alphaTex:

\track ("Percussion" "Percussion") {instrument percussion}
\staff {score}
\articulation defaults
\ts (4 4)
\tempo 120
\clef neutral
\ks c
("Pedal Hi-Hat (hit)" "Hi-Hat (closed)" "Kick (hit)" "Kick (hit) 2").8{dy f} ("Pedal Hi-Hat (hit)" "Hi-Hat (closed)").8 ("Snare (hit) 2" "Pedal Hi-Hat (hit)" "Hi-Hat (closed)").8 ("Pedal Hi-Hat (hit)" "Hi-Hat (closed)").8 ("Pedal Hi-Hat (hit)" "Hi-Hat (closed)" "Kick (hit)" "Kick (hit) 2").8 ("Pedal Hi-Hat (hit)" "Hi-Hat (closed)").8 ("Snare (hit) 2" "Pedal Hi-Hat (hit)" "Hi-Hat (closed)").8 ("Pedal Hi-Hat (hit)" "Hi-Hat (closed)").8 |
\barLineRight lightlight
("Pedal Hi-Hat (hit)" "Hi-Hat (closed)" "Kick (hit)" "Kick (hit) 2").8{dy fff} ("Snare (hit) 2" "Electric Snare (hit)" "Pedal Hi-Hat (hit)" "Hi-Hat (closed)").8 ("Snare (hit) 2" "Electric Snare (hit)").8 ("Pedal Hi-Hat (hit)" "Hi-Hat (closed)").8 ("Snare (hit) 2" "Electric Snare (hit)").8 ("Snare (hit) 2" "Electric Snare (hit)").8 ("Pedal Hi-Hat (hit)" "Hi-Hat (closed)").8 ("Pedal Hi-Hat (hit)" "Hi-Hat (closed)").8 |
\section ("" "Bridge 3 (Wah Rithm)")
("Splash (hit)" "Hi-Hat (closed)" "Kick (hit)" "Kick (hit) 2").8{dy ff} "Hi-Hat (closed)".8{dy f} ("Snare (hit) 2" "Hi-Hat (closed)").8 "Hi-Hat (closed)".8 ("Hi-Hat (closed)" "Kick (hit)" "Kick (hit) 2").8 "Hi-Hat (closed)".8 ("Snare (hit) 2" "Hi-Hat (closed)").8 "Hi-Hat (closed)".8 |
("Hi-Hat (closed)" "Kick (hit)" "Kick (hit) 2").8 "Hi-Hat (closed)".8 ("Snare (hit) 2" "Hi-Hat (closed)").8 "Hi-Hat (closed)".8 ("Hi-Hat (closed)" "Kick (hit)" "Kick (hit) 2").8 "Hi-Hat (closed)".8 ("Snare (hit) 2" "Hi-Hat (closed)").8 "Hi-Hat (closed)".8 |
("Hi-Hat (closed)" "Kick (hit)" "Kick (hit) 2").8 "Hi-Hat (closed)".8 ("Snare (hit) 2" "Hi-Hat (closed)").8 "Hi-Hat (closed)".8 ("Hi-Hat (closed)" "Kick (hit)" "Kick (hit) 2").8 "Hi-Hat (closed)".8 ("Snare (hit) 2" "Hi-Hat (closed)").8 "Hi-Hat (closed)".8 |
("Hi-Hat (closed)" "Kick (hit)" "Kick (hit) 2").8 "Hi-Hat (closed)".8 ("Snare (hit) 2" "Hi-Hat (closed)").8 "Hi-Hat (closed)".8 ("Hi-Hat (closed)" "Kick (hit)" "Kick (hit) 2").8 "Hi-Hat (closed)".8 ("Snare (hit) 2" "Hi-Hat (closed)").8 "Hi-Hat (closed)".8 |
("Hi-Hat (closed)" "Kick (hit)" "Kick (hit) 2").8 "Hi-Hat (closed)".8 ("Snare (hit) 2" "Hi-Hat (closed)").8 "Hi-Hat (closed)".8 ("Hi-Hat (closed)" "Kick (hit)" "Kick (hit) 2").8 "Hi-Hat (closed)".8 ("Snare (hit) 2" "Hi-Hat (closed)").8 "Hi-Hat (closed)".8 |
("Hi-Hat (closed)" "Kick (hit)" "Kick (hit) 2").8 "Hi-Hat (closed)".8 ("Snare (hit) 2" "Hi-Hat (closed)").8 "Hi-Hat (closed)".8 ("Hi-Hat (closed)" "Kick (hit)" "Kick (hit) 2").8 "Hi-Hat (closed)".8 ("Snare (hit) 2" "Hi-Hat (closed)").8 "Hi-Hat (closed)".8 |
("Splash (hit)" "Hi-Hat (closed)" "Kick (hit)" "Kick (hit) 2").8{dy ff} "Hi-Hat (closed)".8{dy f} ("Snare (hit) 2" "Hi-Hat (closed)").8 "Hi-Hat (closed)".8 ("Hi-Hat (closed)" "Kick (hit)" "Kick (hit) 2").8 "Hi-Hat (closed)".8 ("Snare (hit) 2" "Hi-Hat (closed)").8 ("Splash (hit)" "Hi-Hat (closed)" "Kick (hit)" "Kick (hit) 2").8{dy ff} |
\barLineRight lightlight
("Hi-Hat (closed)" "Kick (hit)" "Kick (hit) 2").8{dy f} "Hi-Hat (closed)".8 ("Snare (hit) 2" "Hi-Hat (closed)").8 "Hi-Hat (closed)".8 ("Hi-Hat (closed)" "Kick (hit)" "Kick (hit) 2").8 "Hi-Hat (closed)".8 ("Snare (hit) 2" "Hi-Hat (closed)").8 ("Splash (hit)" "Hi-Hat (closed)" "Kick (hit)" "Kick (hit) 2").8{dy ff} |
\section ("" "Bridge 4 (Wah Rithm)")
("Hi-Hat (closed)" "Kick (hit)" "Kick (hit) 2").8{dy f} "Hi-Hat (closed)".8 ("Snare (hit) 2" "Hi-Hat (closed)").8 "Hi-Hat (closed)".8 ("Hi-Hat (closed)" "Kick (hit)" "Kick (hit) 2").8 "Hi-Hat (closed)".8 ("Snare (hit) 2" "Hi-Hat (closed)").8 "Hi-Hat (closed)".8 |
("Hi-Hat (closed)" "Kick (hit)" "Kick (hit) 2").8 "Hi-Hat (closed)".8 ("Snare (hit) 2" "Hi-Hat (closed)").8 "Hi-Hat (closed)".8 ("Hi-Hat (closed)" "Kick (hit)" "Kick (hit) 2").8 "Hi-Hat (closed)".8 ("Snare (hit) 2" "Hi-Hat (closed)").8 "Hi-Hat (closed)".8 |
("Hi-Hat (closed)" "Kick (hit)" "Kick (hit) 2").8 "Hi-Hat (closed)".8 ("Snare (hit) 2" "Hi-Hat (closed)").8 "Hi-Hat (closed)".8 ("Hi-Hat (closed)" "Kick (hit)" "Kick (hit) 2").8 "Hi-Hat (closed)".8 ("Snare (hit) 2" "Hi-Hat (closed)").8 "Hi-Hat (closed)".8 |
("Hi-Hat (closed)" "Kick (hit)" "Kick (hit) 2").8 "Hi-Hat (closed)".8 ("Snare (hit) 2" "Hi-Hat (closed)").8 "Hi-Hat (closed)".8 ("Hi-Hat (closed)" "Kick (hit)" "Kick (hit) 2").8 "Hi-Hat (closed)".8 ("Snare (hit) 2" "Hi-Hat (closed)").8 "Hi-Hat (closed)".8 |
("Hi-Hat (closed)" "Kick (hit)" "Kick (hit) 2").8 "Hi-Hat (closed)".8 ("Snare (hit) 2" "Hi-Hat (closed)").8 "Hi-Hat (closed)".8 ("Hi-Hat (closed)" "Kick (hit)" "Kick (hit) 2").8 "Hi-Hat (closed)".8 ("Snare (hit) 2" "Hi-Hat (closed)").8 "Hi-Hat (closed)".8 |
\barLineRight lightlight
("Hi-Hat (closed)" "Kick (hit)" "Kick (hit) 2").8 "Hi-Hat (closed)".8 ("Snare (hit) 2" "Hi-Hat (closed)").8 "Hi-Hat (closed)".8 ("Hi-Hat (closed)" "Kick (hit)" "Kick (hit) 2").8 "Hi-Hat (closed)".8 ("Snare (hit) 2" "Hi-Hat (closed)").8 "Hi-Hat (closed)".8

═══

Exercise details :: Each line in the records that carries "Rithm" must be copied out.

Output below ::
\section ("" "Bridge 3 (Wah Rithm)")
\section ("" "Bridge 4 (Wah Rithm)")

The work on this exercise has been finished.